Grindon and others opine that they are at least a couple of years away from Internet deals.

So, for most of Hollywood’s heavyweights, Mip has become essentially “a mop-up market” for programs left unsold during the past season. Fall 2000 series won’t be unveiled for foreign clients until early June.

The five-day Mip market — still the granddaddy of tradeshows for the international TV biz — is also a good barometer of developments on the European front. And this go-round, there are a number of intriguing developments that the 10,500 delegates in Cannes will be taking advantage of or talking about. Among them:

  • On the programming front, the next big thing on the foreign horizon is video-on-demand (VOD) — and it’s already kicking and screaming in the U.K.

    Hollywood majors Warners, Sony and Disney have quietly inked non-exclusive deals for their movies and TV shows with both Yes TV and Home Choice, the two main players in this new ballgame in Britain. The deals are not yet for big bucks — but they’re one step closer to full-fledged exploitation of Web rights.

    “In the next year, we’ll see this new VOD business explode across Europe,” said Warner Bros. Intl.
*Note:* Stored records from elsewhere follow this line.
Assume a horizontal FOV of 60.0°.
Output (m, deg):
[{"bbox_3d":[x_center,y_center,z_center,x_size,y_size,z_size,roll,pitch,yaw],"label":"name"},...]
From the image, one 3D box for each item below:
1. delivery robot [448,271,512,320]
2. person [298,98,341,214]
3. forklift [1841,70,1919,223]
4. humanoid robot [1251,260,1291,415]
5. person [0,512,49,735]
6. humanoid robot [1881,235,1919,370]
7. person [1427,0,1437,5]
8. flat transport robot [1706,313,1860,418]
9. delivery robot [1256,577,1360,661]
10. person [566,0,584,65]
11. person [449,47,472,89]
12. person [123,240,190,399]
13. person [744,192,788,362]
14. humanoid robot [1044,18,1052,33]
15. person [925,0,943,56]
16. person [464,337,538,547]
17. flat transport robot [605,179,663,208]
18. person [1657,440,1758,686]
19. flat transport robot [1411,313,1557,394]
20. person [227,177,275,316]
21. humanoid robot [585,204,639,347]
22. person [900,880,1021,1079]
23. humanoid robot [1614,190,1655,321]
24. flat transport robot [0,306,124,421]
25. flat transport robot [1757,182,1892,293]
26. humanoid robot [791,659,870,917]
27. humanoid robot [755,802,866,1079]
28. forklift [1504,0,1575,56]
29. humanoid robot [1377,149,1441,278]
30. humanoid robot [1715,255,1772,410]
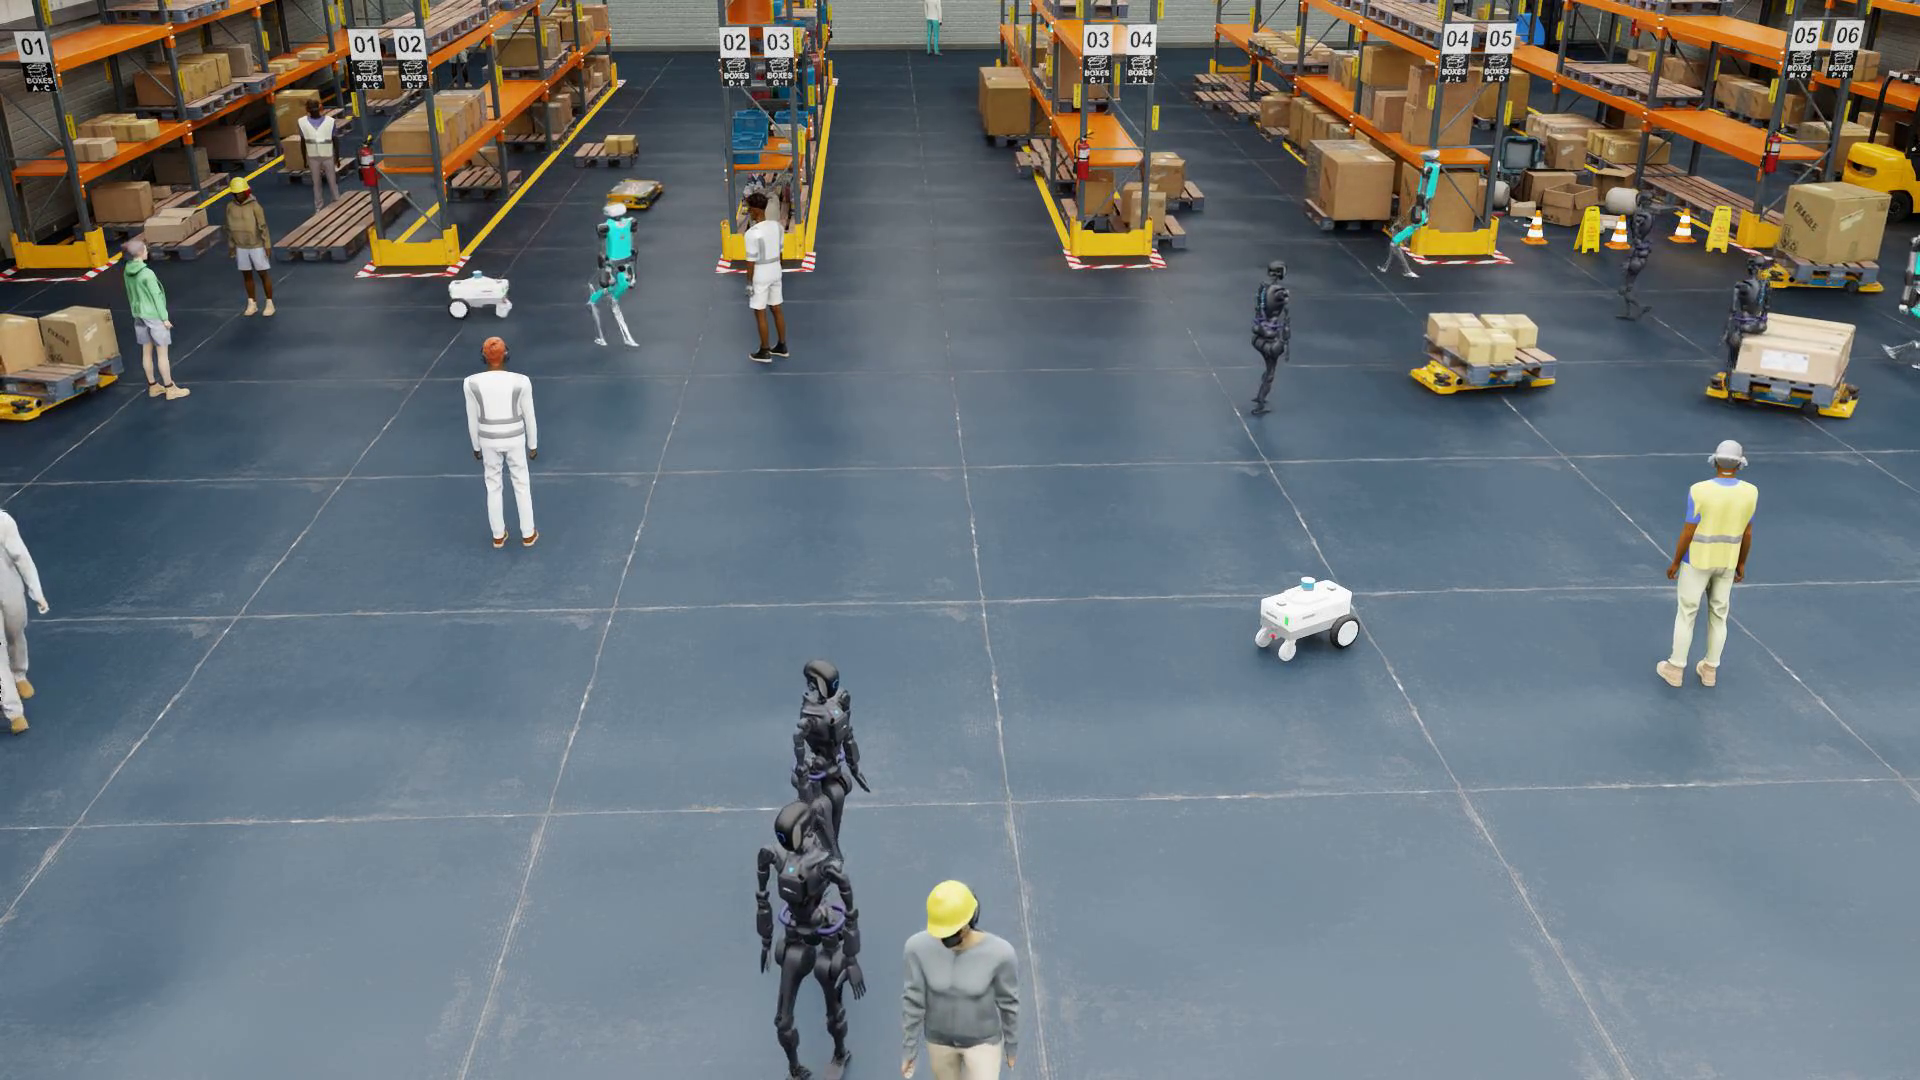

TV prexy Jeffrey Schlesinger.

  • Distribs will be dallying with dot-coms, trying to come up with ways to market their wares on the Web or concoct interactive elements for their shows.

    While Mip organizers have made sure that dot-coms of all descriptions dot the Croisette, most of the interface between traditional Hollywood players and these Web companies will be practical rather than portentous.
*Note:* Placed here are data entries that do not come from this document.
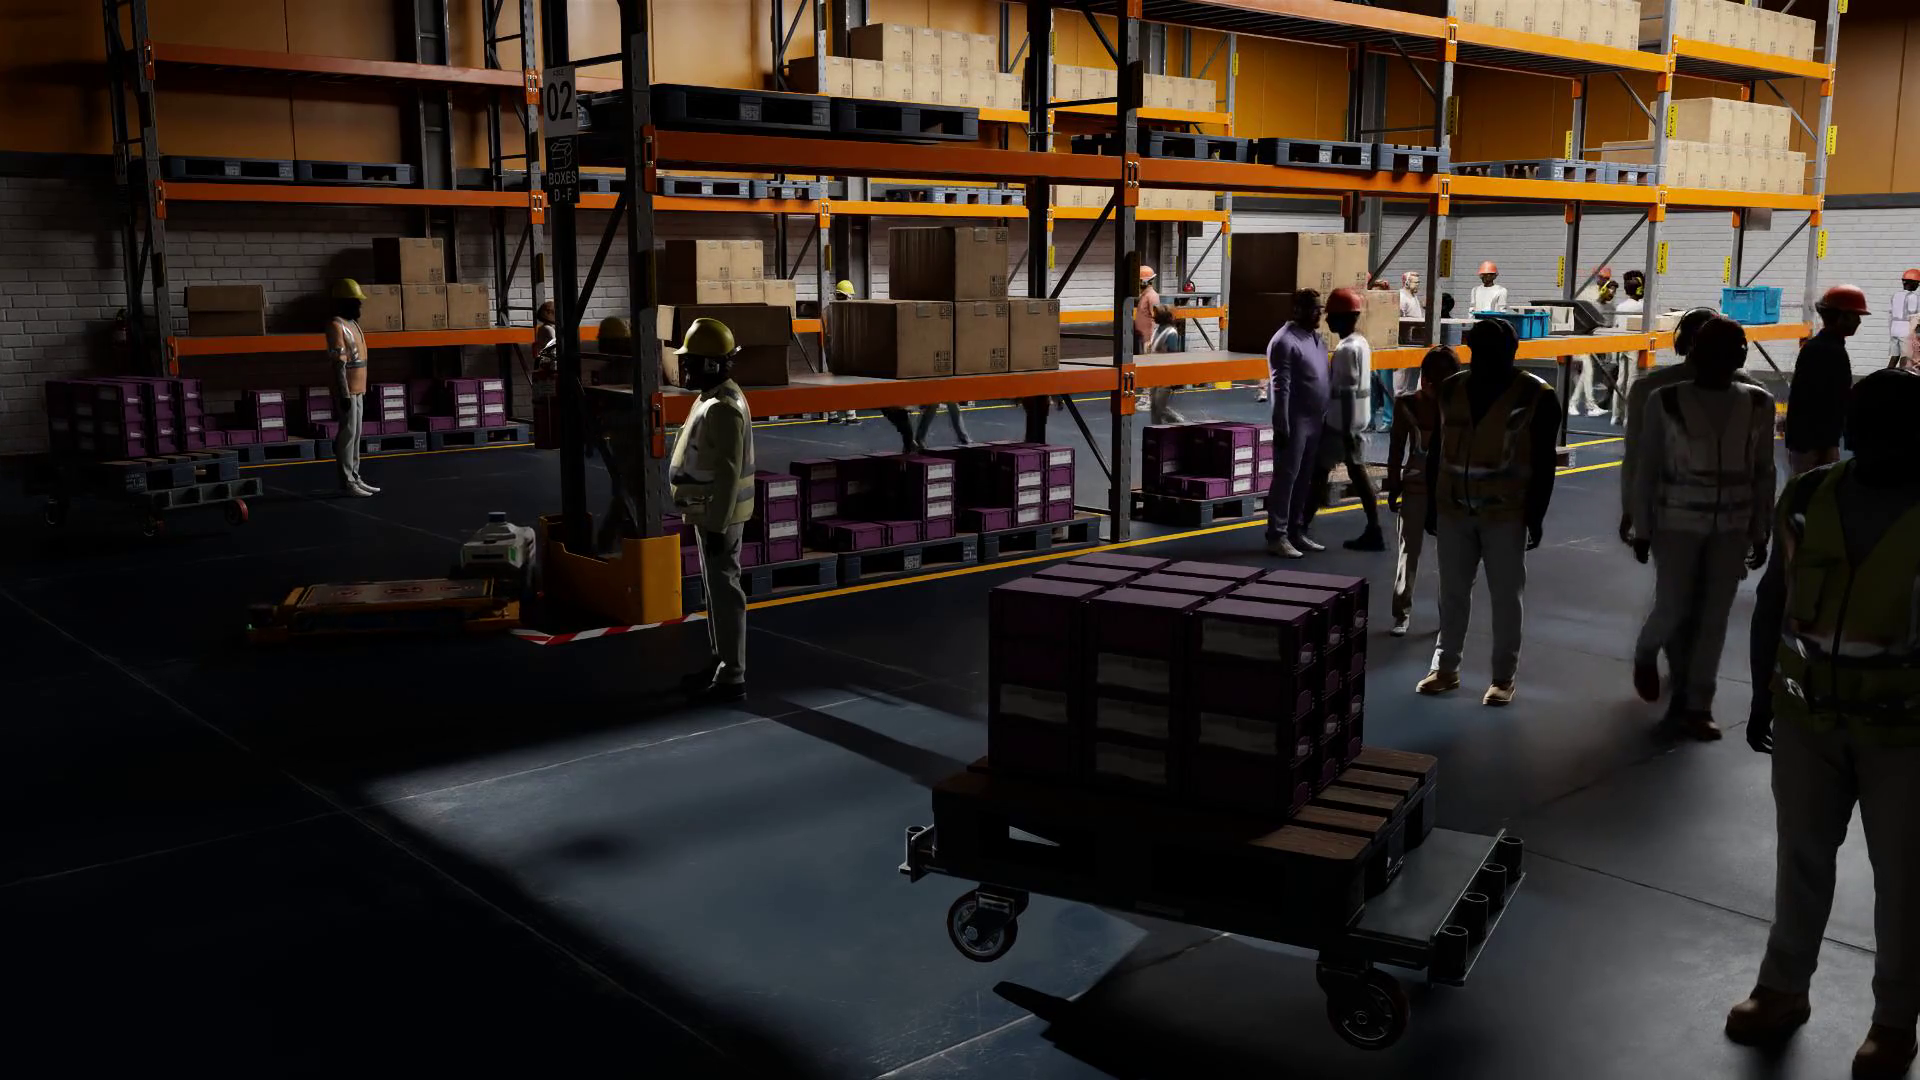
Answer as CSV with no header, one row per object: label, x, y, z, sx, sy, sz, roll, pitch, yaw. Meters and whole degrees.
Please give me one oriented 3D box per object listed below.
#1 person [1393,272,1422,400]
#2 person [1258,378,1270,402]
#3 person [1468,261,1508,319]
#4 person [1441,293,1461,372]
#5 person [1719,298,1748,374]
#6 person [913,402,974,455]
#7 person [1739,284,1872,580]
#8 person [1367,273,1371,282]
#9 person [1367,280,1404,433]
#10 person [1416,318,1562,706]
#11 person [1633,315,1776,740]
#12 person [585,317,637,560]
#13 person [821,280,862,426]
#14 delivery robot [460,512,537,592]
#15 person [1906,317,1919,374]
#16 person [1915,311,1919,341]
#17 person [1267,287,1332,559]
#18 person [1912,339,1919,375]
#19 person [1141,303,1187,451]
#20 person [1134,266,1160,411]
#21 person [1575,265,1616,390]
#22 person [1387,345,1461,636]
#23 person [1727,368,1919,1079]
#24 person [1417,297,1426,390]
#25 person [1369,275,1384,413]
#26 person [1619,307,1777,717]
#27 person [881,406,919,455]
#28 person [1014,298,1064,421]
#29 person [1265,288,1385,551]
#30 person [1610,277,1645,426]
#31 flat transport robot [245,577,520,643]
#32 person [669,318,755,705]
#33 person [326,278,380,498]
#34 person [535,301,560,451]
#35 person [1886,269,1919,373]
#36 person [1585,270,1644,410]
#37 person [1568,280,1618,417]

    Expect announcements about online marketing initiatives and interactive programming but nothing significant regarding the licensing of program rights to Internet players. That larger issue will simply hang over the Riviera rendezvous like a distant rainbow.

  • While they’re being squeezed out of broadcast slots abroad, U.S. companies are spinning off whole channels abroad at a record pace.

    Cosmopolitan has launched in Iberia; Kermit has jumped into India; Playboy is targeting various Euro territories; and Fox Kids is ramping up in Asia. Narrower niches and more localized programming to fill these round-the-clock services are the latest twist on channel launches.

    Several U.S. players, including Playboy and the History Channel, will be making channel launch announcements during Mip.

  • Viacom, which has just swallowed distribs Worldvision and Rysher, is about to fold in CBS, which itself just finished digesting King World. The resulting behemoth will boast the largest library of programming in the world.

  • Cash-laden Euro players will be looking for more cross-border and transatlantic deals.

    The recent Telefonica/Endemol hook-up and the EM.TV buyout of the Jim Henson Co. are likely just the beginning of a trend. Rumors of a move by France’s Vivendi to link up with Universal should also be food for thought.

  • A year after it touted a much-ballyhooed merger with rival CME, pan-Euro station group SBS will be back in town to trumpet its sellout to broadband player UPC.

  • Finally, the traffic in transatlantic programming is beginning to be two-way. U.S. networks are licensing and localizing a clutch of wacky reality and gameshows from Europe — “Big Brother,” “Survivor” and “The Bus,” among others.